IgG4-related disease (IgG4-RD)

  • The IgG4-related disease (IgG4-RD) was first described as a systemic immune-mediated non-neoplastic disease associated with IgG4 positive plasma cells and fibrosis by Kamisawa et al.
  • It often presents as a mass lesion and can be confused with malignancy.
  • Although the disease could affect virtually any anatomical site, there are strong predilections for certain organs such as the major salivary glands, the orbit, lacrimal glands, the pancreaticobiliary system, lung, kidney, aorta, retroperitoneum, meninges, and thyroid gland.
  • IgG4-related lymphadenopathy is a common but under recognized manifestation of IgG4-RD. Generalized lymphadenopathy is reported in up to 80% of patients with IgG4-RD on imaging. It can be the initial manifestation of systemic IgG4-RD or can occur in the due course of the illness. Most often, multiple lymph node groups are commonly involved and unlike lymphomas, constitutional symptoms are generally absent.
  • Characteristic histopathological features of IgG4-RD have been established for extranodal sites. However, most of the studies with regards to IgG4-related lymphadenopathy have documented mainly nonspecific histopathological features.
  • A recent study by Bledsoe et al. has focussed on this issue.
  • Established morphologic patterns of IgG4-related lymphadenopathy include Castleman disease-like, follicular hyperplasia, interfollicular expansion, progressive transformation of germinal centers (PTGC), and inflammatory pseudotumor (IPT)-like patterns. Their study has shown that the IPT-like and interfollicular expansion patterns of IgG4-related lymphadenopathy are highly specific for IgG4-RD.
  • Perifollicular or wreath-like granulomas have also been reported to be characteristic features.
  • The diagnosis of IgG4-RD in lymph node excision biopsy is difficult and cannot be solely based on morphology and immunohistochemistry.
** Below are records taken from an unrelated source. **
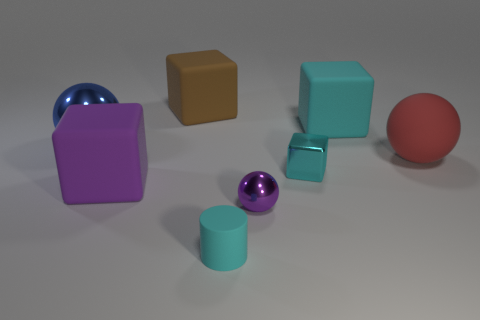The small metallic block is what color?
Provide a succinct answer. Cyan. What material is the sphere that is both behind the small metallic cube and left of the large cyan rubber object?
Ensure brevity in your answer.  Metal. There is a cyan rubber object in front of the small metallic object that is on the right side of the purple metallic object; is there a purple matte thing to the left of it?
Make the answer very short. Yes. There is another rubber cube that is the same color as the tiny block; what is its size?
Your response must be concise. Large. There is a purple cube; are there any balls behind it?
Offer a very short reply. Yes. What number of other objects are the same shape as the large purple rubber object?
Keep it short and to the point. 3. There is a rubber sphere that is the same size as the purple block; what is its color?
Give a very brief answer. Red. Are there fewer small rubber objects to the left of the large blue metal thing than cyan things left of the tiny metal sphere?
Make the answer very short. Yes. What number of things are to the right of the rubber block that is in front of the metal sphere that is behind the big red rubber object?
Offer a terse response. 6. There is a shiny thing that is the same shape as the big brown matte thing; what size is it?
Your answer should be very brief. Small. 
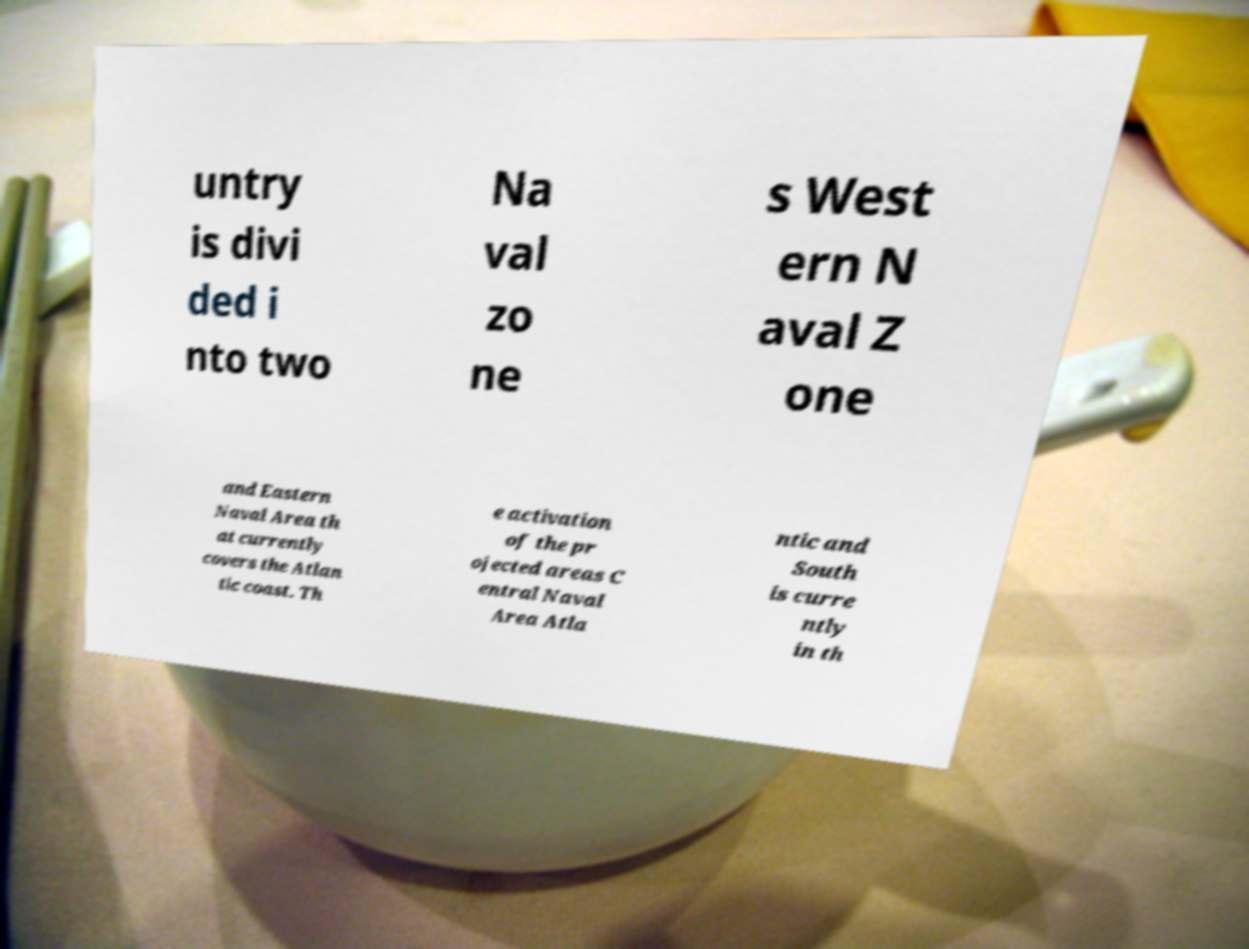There's text embedded in this image that I need extracted. Can you transcribe it verbatim? untry is divi ded i nto two Na val zo ne s West ern N aval Z one and Eastern Naval Area th at currently covers the Atlan tic coast. Th e activation of the pr ojected areas C entral Naval Area Atla ntic and South is curre ntly in th 
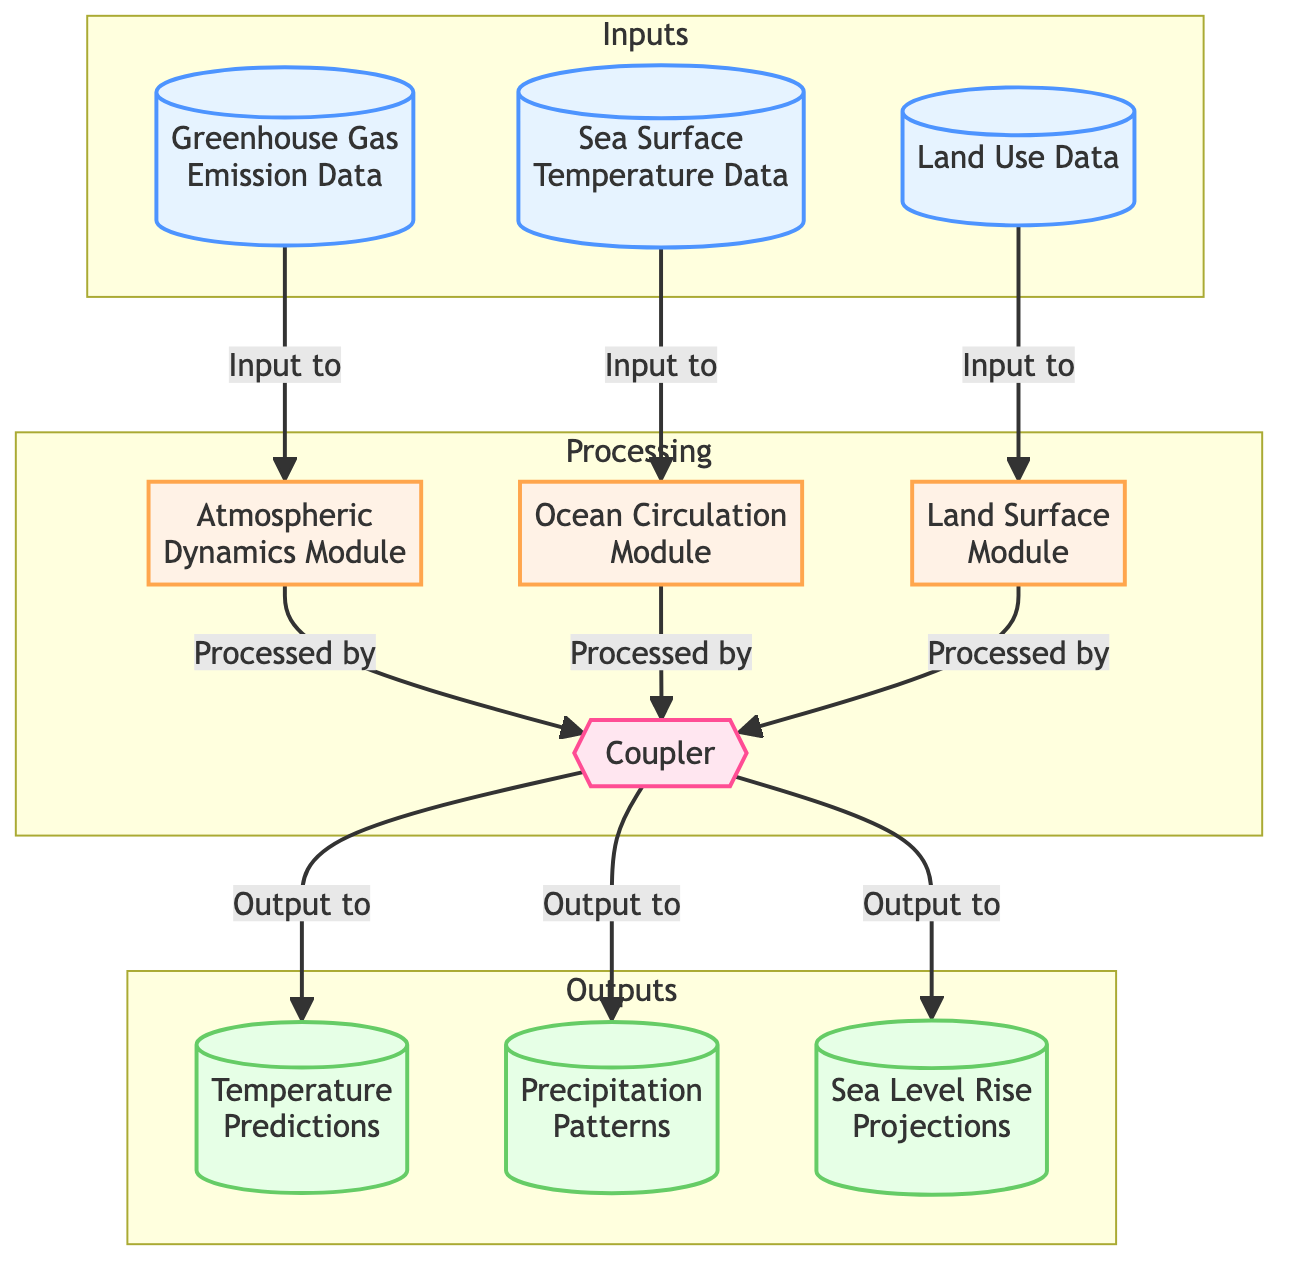What are the inputs to the Atmospheric Dynamics Module? The diagram shows that the Atmospheric Dynamics Module receives input from the Greenhouse Gas Emission Data, which is labeled as node 1, through a directed edge that indicates the relationship. Thus, Greenhouse Gas Emission Data is the input to this module.
Answer: Greenhouse Gas Emission Data How many processing units are in the diagram? The diagram illustrates the various processing units, which are outlined in the "Processing" subgraph. There are four processing units: Atmospheric Dynamics Module, Ocean Circulation Module, Land Surface Module, and the Coupler.
Answer: 4 What data source is used for the Sea Surface Temperature Data? By inspecting node 2 for Sea Surface Temperature Data, we can see that it specifies the data source as NOAA Satellite Observations. This information is directly labeled in the node.
Answer: NOAA Satellite Observations Which module processes the output projections? The diagram indicates that the Coupler, represented as node 7, is responsible for processing and sending output to the three output nodes. This is denoted by the edges leading from the Coupler to Temperature Predictions, Precipitation Patterns, and Sea Level Rise Projections.
Answer: Coupler What format is used for the Temperature Predictions output? According to the label for the Temperature Predictions node (node 8), the output format is specified as NetCDF. This is directly stated in the node's description.
Answer: NetCDF What is the relationship between Land Use Data and the Land Surface Module? The diagram shows that Land Use Data (node 3) is an input to the Land Surface Module (node 6). This connection is made clear by the directed edge from node 3 to node 6 labeled as "Input to."
Answer: Input to Which input is processed by the Ocean Circulation Module? The diagram clearly indicates that the Sea Surface Temperature Data (node 2) is processed by the Ocean Circulation Module (node 5) as it has a directed edge indicating the input relationship.
Answer: Sea Surface Temperature Data How many outputs are there in the diagram? By reviewing the Outputs subgraph, we find three separate nodes for outputs: Temperature Predictions, Precipitation Patterns, and Sea Level Rise Projections. This information is visible in the structure of the diagram.
Answer: 3 
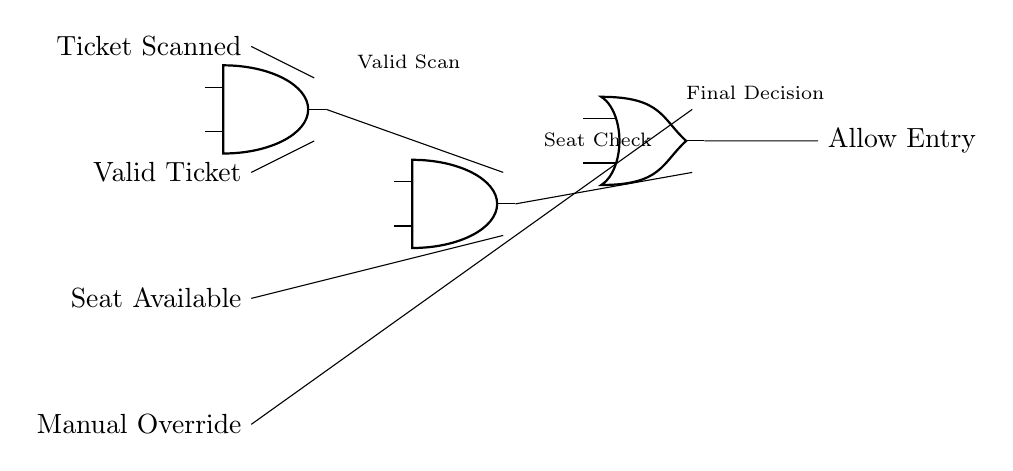What is the output of the AND gate labeled "ticketAND"? The output of the AND gate "ticketAND" is high (1) only if both input signals "Ticket Scanned" and "Valid Ticket" are high (1). If either input is low (0), the output will also be low (0).
Answer: output is high (1) How many inputs does the OR gate have? The OR gate, labeled as "finalOR," has two inputs: one from the output of the "seatAND" AND gate and the other from the "Manual Override" input.
Answer: two inputs What operation does the AND gate labeled "seatAND" perform before allowing entry? The AND gate "seatAND" performs a logical AND operation, meaning it produces an output high (1) only if both its inputs are true, which consists of the output from the "ticketAND" AND gate and the "Seat Available" input.
Answer: AND operation What is the purpose of the "Manual Override" in this circuit? The "Manual Override" allows for entry to be granted regardless of the logic gates' outputs, providing a fail-safe mechanism in case of any issues with the automatic checks.
Answer: fail-safe mechanism Which logic gate is used for the final decision on entry? The final decision on entry is made using an OR gate. It determines if the entry should be allowed based on its inputs.
Answer: OR gate 
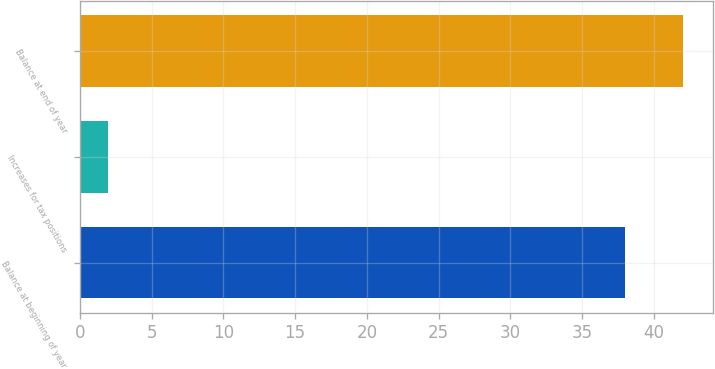Convert chart. <chart><loc_0><loc_0><loc_500><loc_500><bar_chart><fcel>Balance at beginning of year<fcel>Increases for tax positions<fcel>Balance at end of year<nl><fcel>38<fcel>2<fcel>42<nl></chart>

In an appropriate clinical setting and supportive investigations, the diagnosis can be made.
  • An early diagnosis renders timely intervention and prevents the progression of the disease and its complications.

References

  • Bledsoe JR, Della-Torre E, Rovati L et al. IgG4-related disease: review of the histopathologic features, differential diagnosis, and therapeutic approach. APMIS. 2018;126:459-476.
  • Bledsoe JR , Ferry JA , Neyaz A et al. IgG4-related lymphadenopathy: A comparative study of 41 cases reveals distinctive histopathologic features. 2020 Sep 1. doi: 10.1097/PAS.0000000000001579. Online ahead of print.